Riffing on jbapple's excellent answer regarding replicate, but using replicateA (which replicate is built on) instead, I came up with the following:
--Unlike fromList, one needs the length explicitly.
myFromList :: Int -> [b] -> Seq b
myFromList l xs = flip evalState xs $ Seq.replicateA l go
where go = do
(y:ys) <- get
put ys
return y
myFromList (in a slightly more efficient version) is already defined and used internally in Data.Sequence for constructing finger trees that are results of sorts.
In general, the intuition for replicateA is simple. replicateA is built on top of the applicativeTree function. applicativeTree takes a piece of a tree of a size m, and produces a well-balanced tree containing n copies of this. The cases for n up to 8 (a single Deep finger) are hard coded. Anything above this, and it invokes itself recursively. The "applicative" element is simply that it interleaves the construction of the tree with threading effects through, such as, in the case of the above code, state.
The go function, which is replicated, is simply an action which gets the current state, pops an element off the top, and replaces the remainder. On each invocation, it thus steps further down the list provided as input.
Some more concrete notes
main = print (length (show (Seq.fromList [1..10000000::Int])))

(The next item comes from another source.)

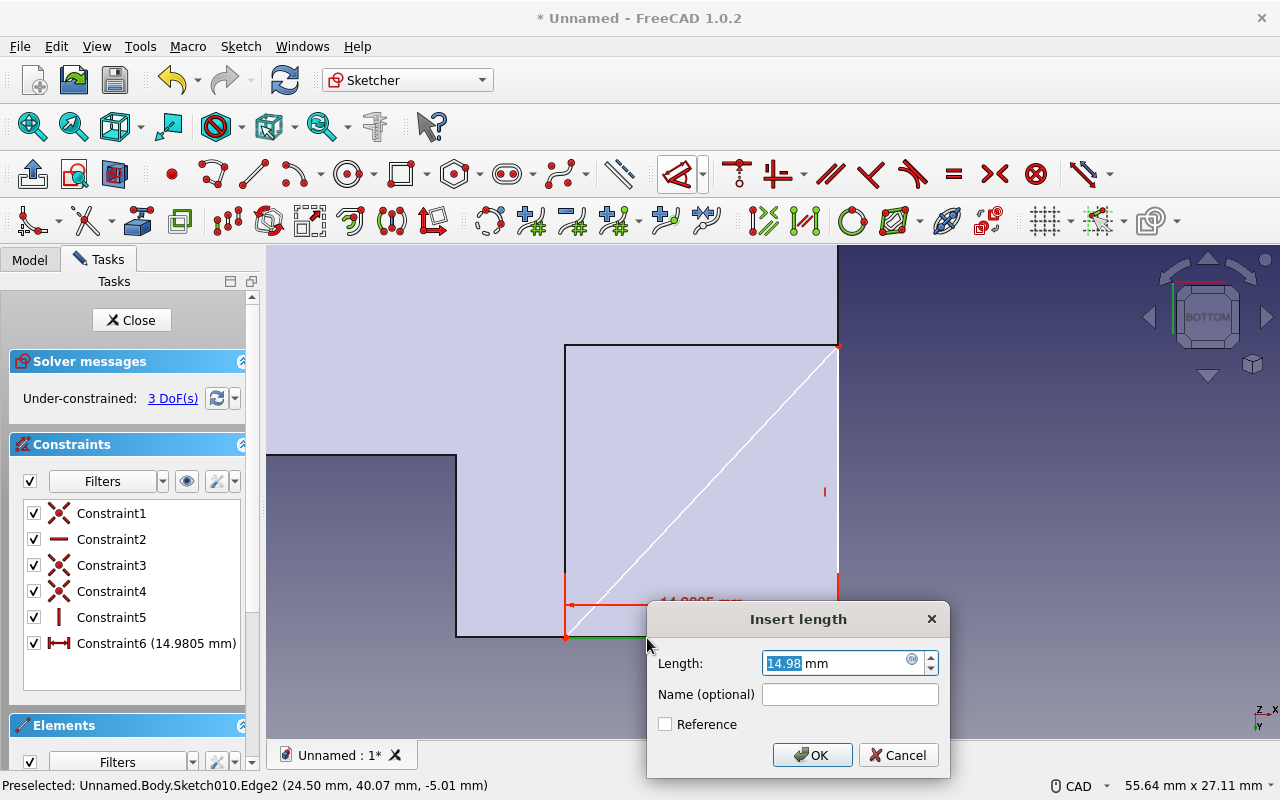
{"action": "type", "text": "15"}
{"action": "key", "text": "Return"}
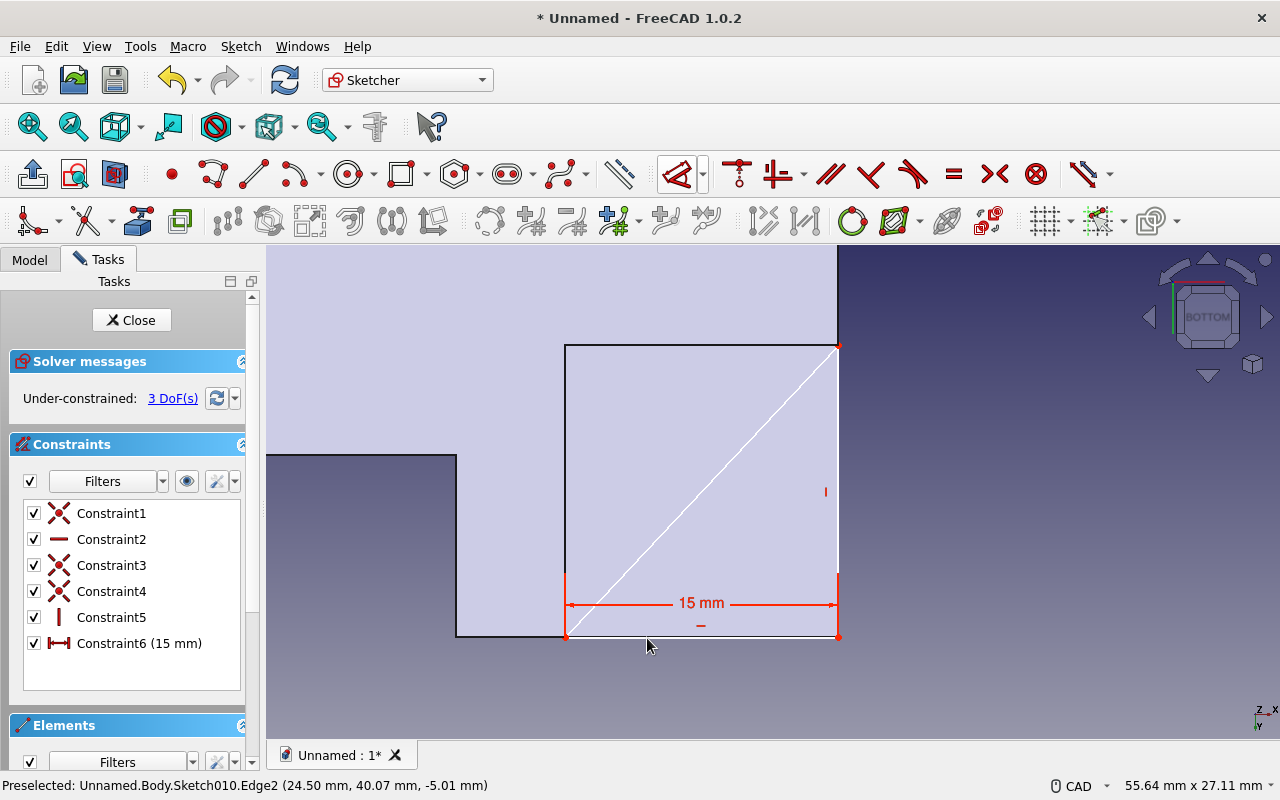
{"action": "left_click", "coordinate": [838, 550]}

On some simple tests, this yielded an interesting performance tradeoff. The main function above ran almost 1/3 lower with myFromList than with fromList. On the other hand, myFromList used a constant heap of 2MB, while the standard fromList used up to 926MB. That 926MB arises from needing to hold the entire list in memory at once. Meanwhile, the solution with myFromList is able to consume the structure in a lazy streaming fashion. The issue with speed results from the fact that myFromList must perform roughly twice as many allocations (as a result of the pair construction/destruction of the state monad) as fromList. We can eliminate those allocations by moving to a CPS-transformed state monad, but that results in holding on to far more memory at any given time, because the loss of laziness requires traversing the list in a non-streaming manner.
On the other hand, if rather than forcing the entire sequence with a show, I move to just extracting the head or last element, myFromList immediately presents a bigger win -- extracting the head element is nearly instant, and extracting the last element is 0.8s. Meanwhile, with the standard fromList, extracting either the head or last element costs ~2.3 seconds.
This is all details, and is a consequence of purity and laziness. In a situation with mutation and random access, I would imagine the replicate solution is strictly better.
However, it does raise the question of whether there is a way to rewrite applicativeTree such that myFromList is strictly more efficient. The issue is, I think, that the applicative actions are executed in a different order than the tree is naturally traversed, but I haven't fully worked through how this works, or if there is a way to resolve this.